--- DATA SHOWN ---

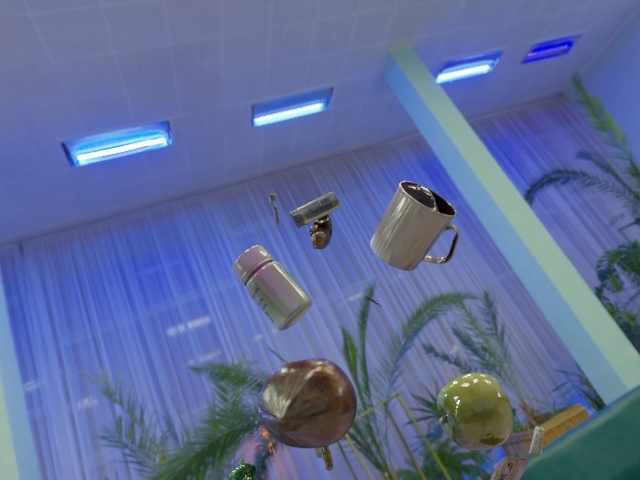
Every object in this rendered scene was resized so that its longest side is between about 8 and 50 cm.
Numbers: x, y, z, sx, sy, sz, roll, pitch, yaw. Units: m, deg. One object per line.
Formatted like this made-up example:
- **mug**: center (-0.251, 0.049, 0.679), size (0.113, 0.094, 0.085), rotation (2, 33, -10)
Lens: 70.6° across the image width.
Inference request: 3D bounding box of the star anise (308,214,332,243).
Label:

---

§ **AIM OF THE EXERCISE**
Going through the entries, return every line holding the word "this".

§ **RESPONSE BELOW**
Every object in this rendered scene was resized so that its longest side is between about 8 and 50 cm.
Formatted like this made-up example:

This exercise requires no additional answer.